On the downside, the narrator has a quirk that I couldn’t quite tolerate. He says every single sentence twice. Not a paraphrased version. The exact same sentence. After a while, this habit started getting to me, despite some solid content. I feel very pet-peeve-y…

Kubernetes

This relatively specific on Kubernetes the technology is because I’m starting to work on Kubernetes (both as an apps developer and as a contributor!). So I need to understand what’s going on. Again, my Kubernetes knowledge is sparse and I don’t feel particularly confident in it. But it’s my first dabble, so hopefully I’ll get somewhere! Here’s what I’m doing for my Kubernetes parts:

The Kubernetes Book (Nigel Poulton)

I’m still at the start of this book, but so far, it has been a worthwhile read. It’s a good blend of practical and theoretical (and the author, to his immense credit, makes a deliberate decision to cover it like that). I also like the historical knowledge–the evolution of Kubernetes’ approach to its container runtime engine is quite interesting. But, again, I’m relatively fresh on this one

KubeLearn iOS app

I have downloaded that specifically for the tube :) I’m normally standing and normally can’t listen to audiobooks. There are a couple of short lessons on the usage of Kubernetes. They’re bite sized and cover very specific aspects ( for instance, the most recent one I did involved annotating an upgrade with a change log)

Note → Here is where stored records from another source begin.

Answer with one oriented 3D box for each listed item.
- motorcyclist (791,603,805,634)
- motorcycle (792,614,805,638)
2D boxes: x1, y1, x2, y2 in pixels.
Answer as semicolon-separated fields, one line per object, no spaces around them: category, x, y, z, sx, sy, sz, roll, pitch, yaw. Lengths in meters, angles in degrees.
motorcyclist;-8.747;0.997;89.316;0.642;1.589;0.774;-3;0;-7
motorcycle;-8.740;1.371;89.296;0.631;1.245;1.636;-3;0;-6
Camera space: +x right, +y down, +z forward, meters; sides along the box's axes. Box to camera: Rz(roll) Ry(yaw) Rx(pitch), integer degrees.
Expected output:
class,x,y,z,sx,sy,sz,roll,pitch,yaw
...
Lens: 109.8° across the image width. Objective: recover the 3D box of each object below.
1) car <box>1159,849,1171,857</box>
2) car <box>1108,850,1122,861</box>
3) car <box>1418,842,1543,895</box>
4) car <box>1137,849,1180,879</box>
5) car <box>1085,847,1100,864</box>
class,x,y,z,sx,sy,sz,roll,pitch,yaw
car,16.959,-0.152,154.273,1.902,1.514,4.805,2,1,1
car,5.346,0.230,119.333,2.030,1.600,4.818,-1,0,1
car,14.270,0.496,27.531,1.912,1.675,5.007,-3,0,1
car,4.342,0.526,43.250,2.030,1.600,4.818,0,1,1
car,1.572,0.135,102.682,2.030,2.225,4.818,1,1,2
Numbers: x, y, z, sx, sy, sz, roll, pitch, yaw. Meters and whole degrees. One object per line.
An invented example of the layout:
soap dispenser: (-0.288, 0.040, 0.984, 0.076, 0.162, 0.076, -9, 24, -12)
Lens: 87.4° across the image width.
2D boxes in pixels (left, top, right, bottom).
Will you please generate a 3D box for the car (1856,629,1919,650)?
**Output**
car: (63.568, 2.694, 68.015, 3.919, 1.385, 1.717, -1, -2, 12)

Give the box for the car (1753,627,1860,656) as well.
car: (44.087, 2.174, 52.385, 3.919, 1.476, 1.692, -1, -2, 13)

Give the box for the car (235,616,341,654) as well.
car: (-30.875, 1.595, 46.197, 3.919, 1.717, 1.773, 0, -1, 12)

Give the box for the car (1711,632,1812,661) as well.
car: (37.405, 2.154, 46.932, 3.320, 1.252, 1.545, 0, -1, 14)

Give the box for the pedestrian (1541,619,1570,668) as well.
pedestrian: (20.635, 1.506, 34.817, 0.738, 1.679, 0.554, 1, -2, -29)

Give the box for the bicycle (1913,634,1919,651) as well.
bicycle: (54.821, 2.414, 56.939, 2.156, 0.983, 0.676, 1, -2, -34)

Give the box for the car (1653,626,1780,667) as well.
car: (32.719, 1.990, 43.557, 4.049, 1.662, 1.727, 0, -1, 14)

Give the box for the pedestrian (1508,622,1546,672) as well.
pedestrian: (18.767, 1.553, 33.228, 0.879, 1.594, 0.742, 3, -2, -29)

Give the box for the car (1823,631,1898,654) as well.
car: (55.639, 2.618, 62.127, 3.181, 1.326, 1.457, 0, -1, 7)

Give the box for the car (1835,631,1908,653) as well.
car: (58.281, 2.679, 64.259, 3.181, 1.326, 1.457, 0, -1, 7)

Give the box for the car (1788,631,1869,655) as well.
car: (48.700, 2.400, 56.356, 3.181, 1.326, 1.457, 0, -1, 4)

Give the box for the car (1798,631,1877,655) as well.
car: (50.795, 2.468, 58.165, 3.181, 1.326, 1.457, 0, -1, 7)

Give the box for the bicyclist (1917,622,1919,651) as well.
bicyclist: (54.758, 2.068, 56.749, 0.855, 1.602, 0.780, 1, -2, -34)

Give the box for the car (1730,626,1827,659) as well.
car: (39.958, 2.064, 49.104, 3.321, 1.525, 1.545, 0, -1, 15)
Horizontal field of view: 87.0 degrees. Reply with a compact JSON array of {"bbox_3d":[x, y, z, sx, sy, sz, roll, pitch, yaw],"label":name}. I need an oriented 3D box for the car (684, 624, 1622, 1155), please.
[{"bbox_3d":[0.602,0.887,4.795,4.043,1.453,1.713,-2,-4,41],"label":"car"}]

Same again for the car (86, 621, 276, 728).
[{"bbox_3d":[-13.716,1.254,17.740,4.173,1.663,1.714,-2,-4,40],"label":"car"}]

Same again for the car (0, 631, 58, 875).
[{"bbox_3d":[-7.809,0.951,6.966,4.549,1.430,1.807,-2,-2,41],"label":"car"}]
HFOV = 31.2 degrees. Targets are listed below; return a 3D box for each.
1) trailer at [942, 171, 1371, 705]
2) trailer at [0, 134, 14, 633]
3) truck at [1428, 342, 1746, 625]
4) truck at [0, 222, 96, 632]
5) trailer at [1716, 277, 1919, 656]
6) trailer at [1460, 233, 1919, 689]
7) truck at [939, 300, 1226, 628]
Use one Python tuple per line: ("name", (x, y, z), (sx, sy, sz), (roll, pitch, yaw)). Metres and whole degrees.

I currently don’t have the foundational knowledge to benefit from this app as well as I would like. The exercises are quite specific and I feel like I need to go to the kiddie pool before I play here.

Gap paranoia (CompTIA foundational certifications)

Since I found out that I have so many gaps in so many places in my computer science foundations, I have decided to look at broad courses and see where my levels are at for each general area that people cover.

CompTIA IT Fundamentals

This is quite extreme in the levels of paranoia, but it was an interesting exercise. I have been doing, for the past week, the prep for ITF+, which is a pre-career IT certificate. It has been super interesting. Some parts I knew quite well, some I was like “hold on a minute, what’s happening here”. I want to finish this course to get a proper assessment of where my weaknesses are.

Conclusion

I’m fascinated with going back to study. I’m learning so much. And it’s funny, because some of the things are immediately applicable to my job, even when I didn’t expect them to be. My comments in design documents are more well reasoned, the things I focus are different, and just the amount of confidence I generally have has shifted immensely.

I’m aware, though, that a lot of the studying I’m doing here is very theoretical, very book-driven. That’s a bias that I’m aware, and for now, I’m not trying to fix it too hard. It’s clear to me I had the opposite bias for many years. I’m noticing, though, that with the conceptual knowledge, the practical knowledge sticks much better too. So I think it’s worthwhile to me to continue on this path for a bit

Finally, here are a couple of meta things I learned:

When learning you have the choice to navigate through your different levels of abstractions, or go through different angles/slices of the same problem. Deeper learning happens when you have access to different slices of the same thing in your head. For a computer science topic, I can imagine you having a “design overview slice”, a “design evolution slice”, a “products requirements” (and its historical equivalent) slice, etc.
It’s important to know what you’re looking for, in terms of content: do you want knowledge to perform a particular task, are you looking to deepen your expertise in a particular area, are you trying to make connections through different areas? All those goals have merit and require different focus. However, like me when I started my journey on this, I didn’t quite know what I wanted, so it’s worth keeping in mind that goal refinement can and should be an iterative process
Recapping all of this in a blog was a super useful exercise to solidify my own meta understanding about the topics

That’s it for now!